While bamlanivimab on its own neutralized SARS-CoV-2 more effectively etesevimab in the Jones et al. study, further research indicated that together they neutralize live virus even more effectively.
The combination therapy, now produced by Eli Lilly, is now approved by the Food and Drug Administration via emergency use authorization for post-exposure prophylaxis and treatment. In addition to immediate treatment, the antibody can be used in immunocompetent infected patients up to five to seven days post-infection and it remains effective. Additionally, the antibody is successful in preventing infection and disease in those known to be exposed to SARS-CoV-2 infected hosts.

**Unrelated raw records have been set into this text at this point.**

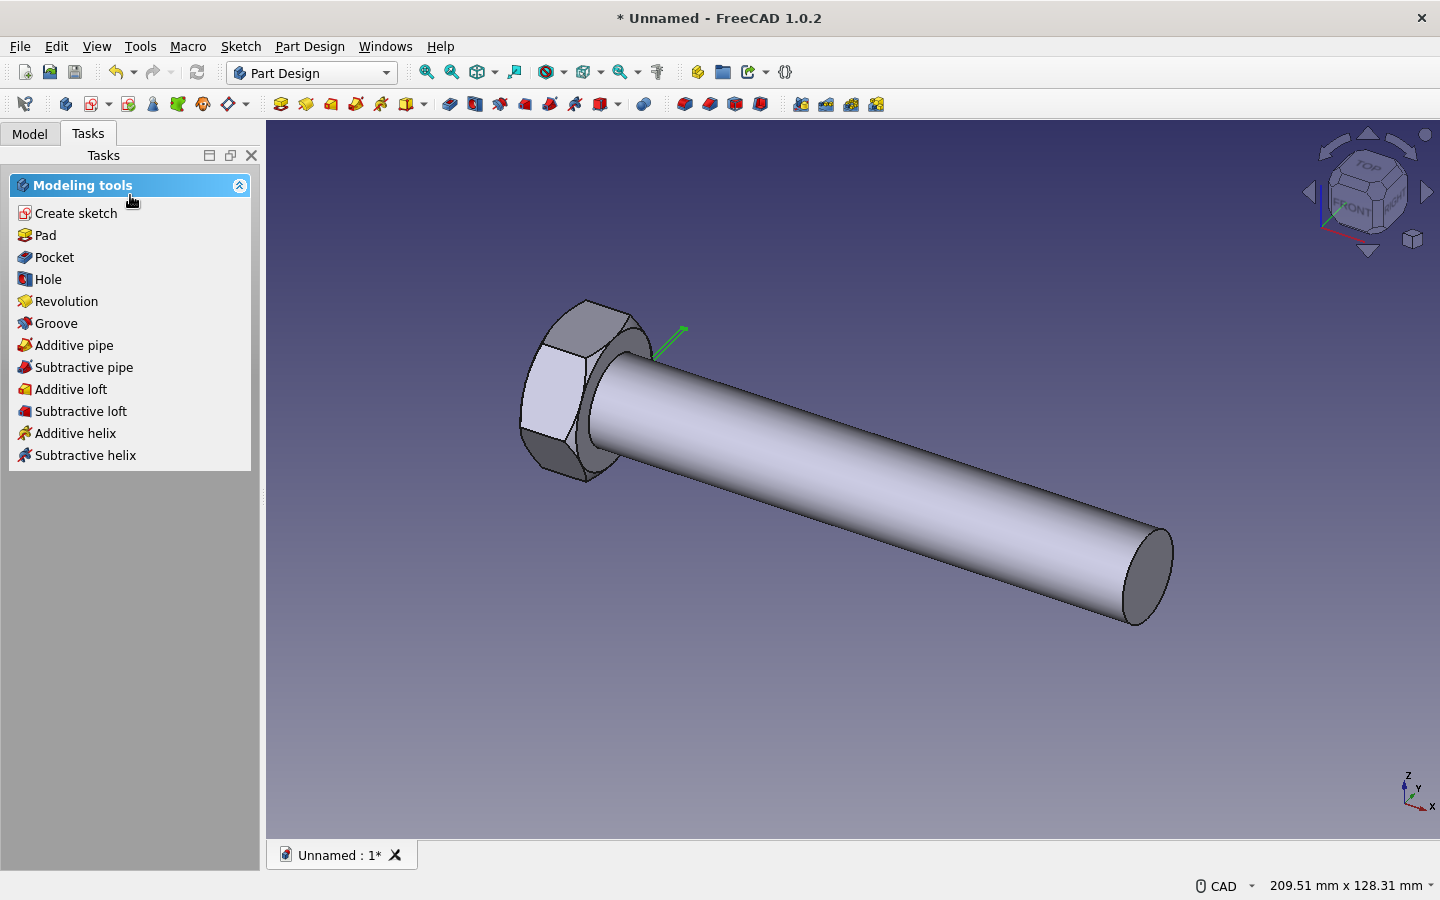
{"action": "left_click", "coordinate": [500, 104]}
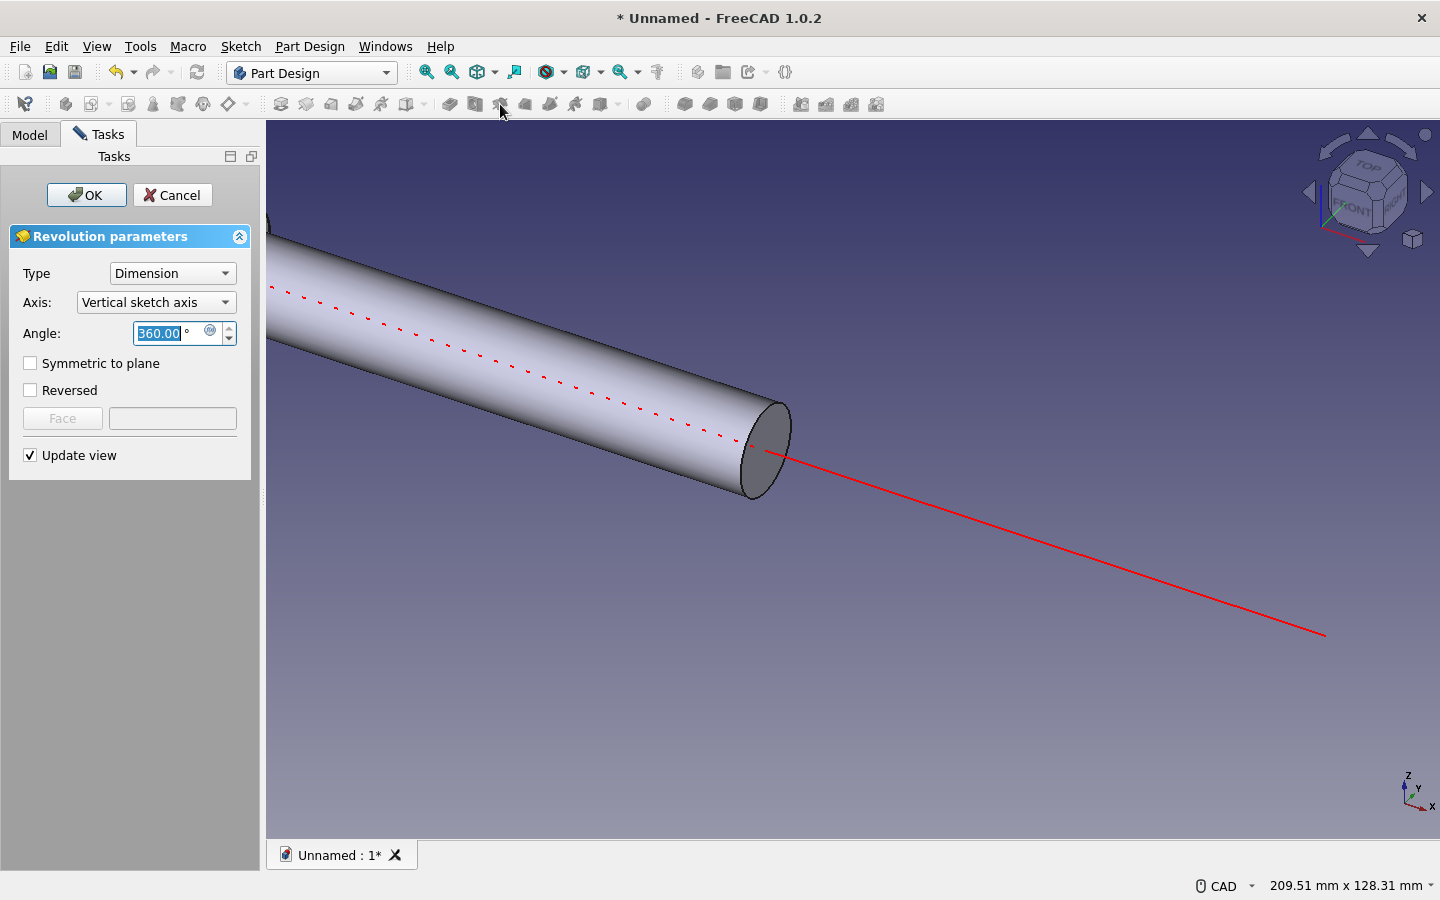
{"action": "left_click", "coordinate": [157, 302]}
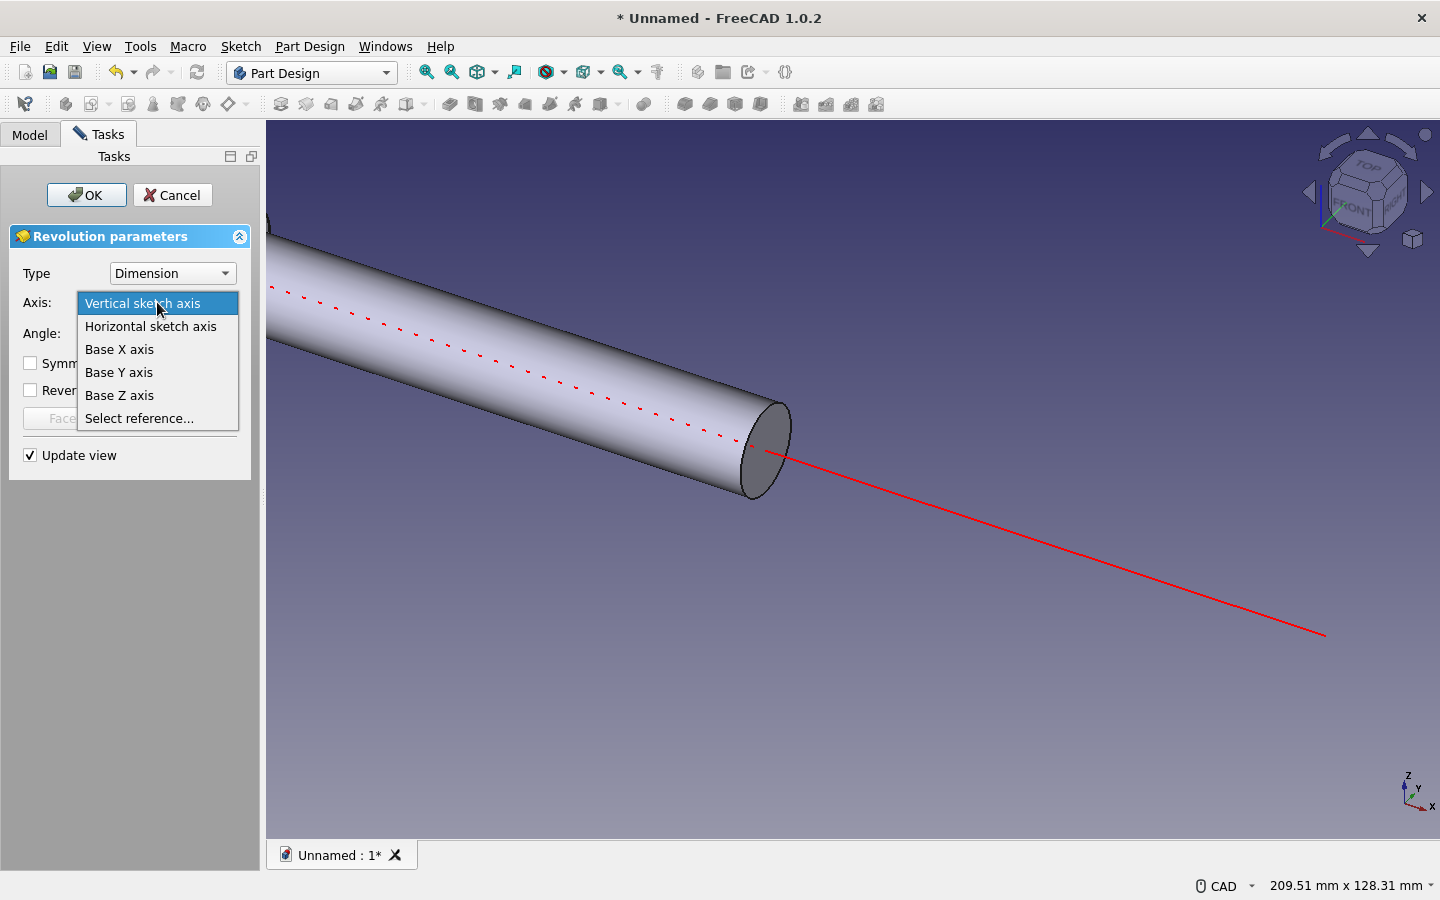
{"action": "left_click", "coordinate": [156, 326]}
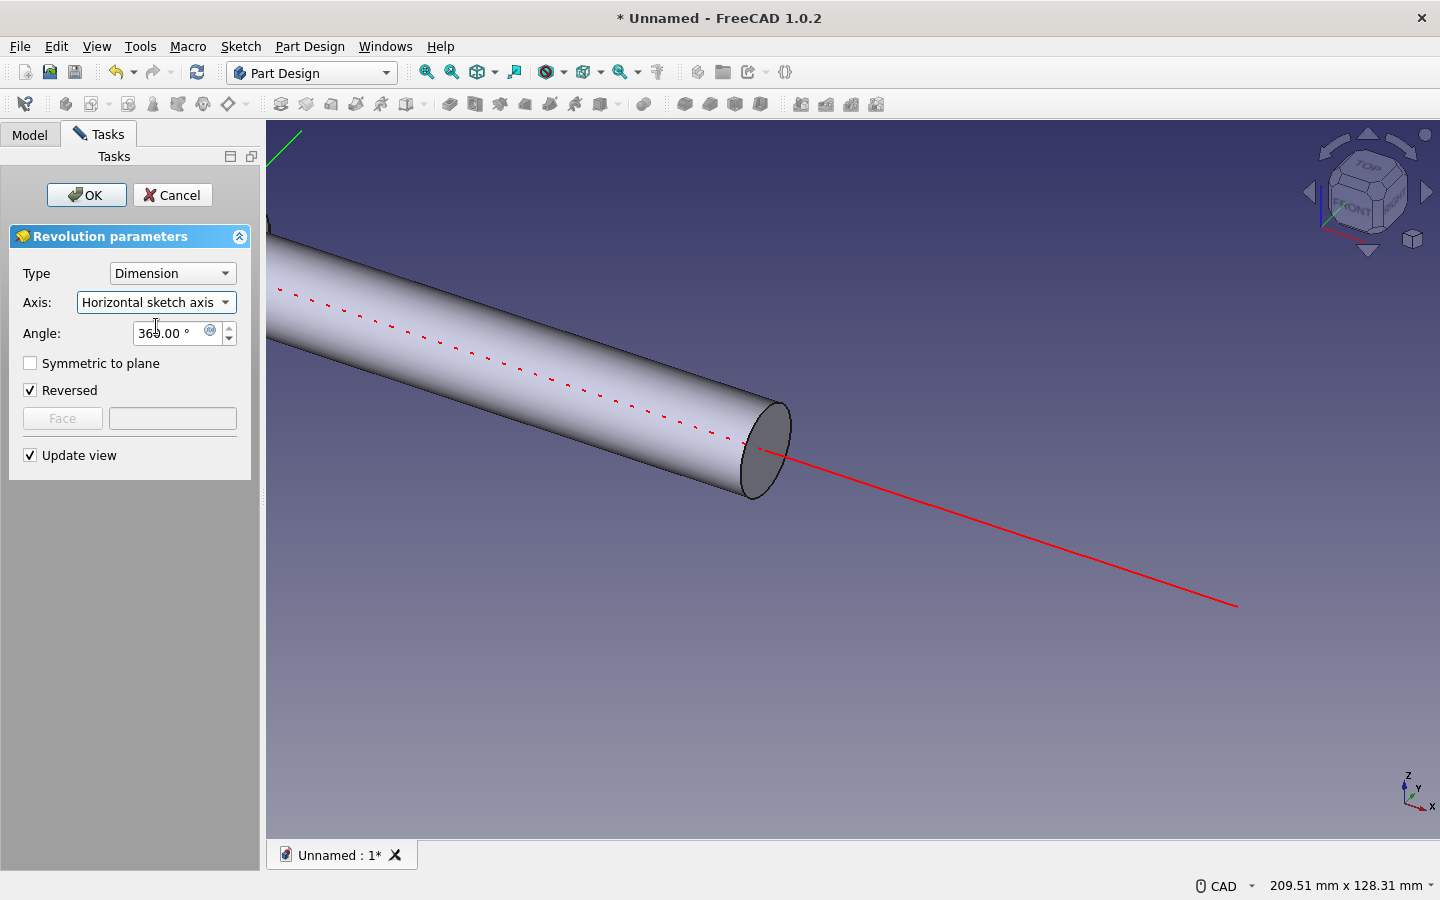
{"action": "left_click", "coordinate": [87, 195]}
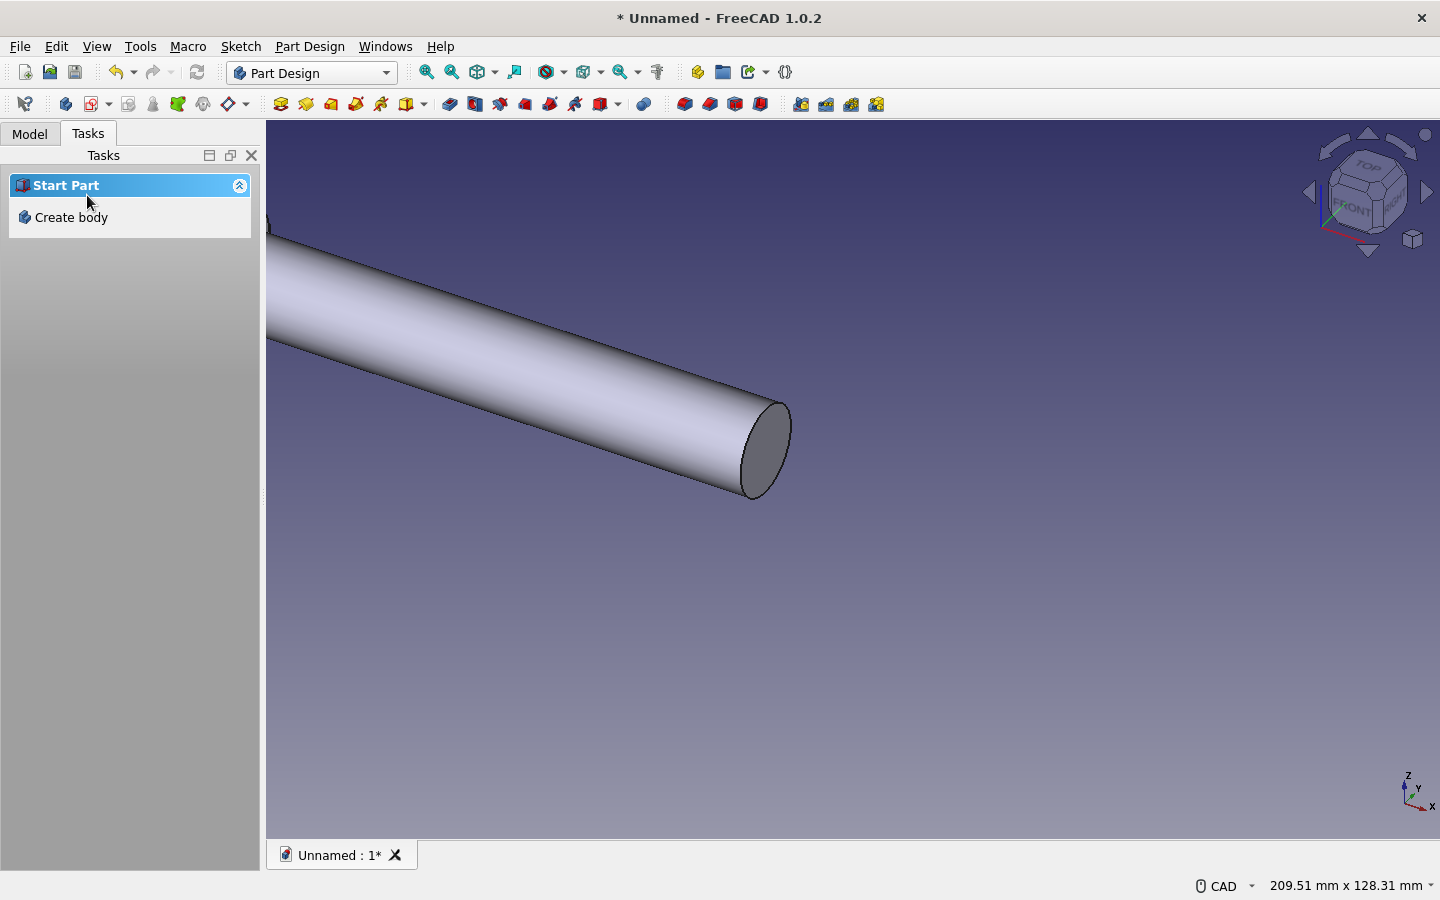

However, we note that as SARS-CoV-2 continues to evolve into new and more mutated variants, the virus can and will become more resistant to treatments like bamlanivimab + etesevimab. For example, a recent study of three SARS-CoV-2 variants all originating in Africa indicates some resistance already occurs. The Beta variant from South Africa is completely resistant to the combination cocktail. Additionally, the Eta variant from Nigeria and the A.30 variant from Tanzania are substantially resistant to the cocktail in comparison to the Triad variant which drove infections in the Summer of 2020. In other words, these variants already contain mutations that render major approved monoclonal antibodies less effective or completely ineffective.
Despite this, we implore more such wide studies to be undertaken as hidden gems like bamlanivimab await discovery. More treatments and prophylactics of this nature could greatly reduce the risk for hospitalization and death, especially among at-risk individuals. Using bamlanivimab’s discovery as a blueprint may lead to numerous more to be discovered in the critical months ahead.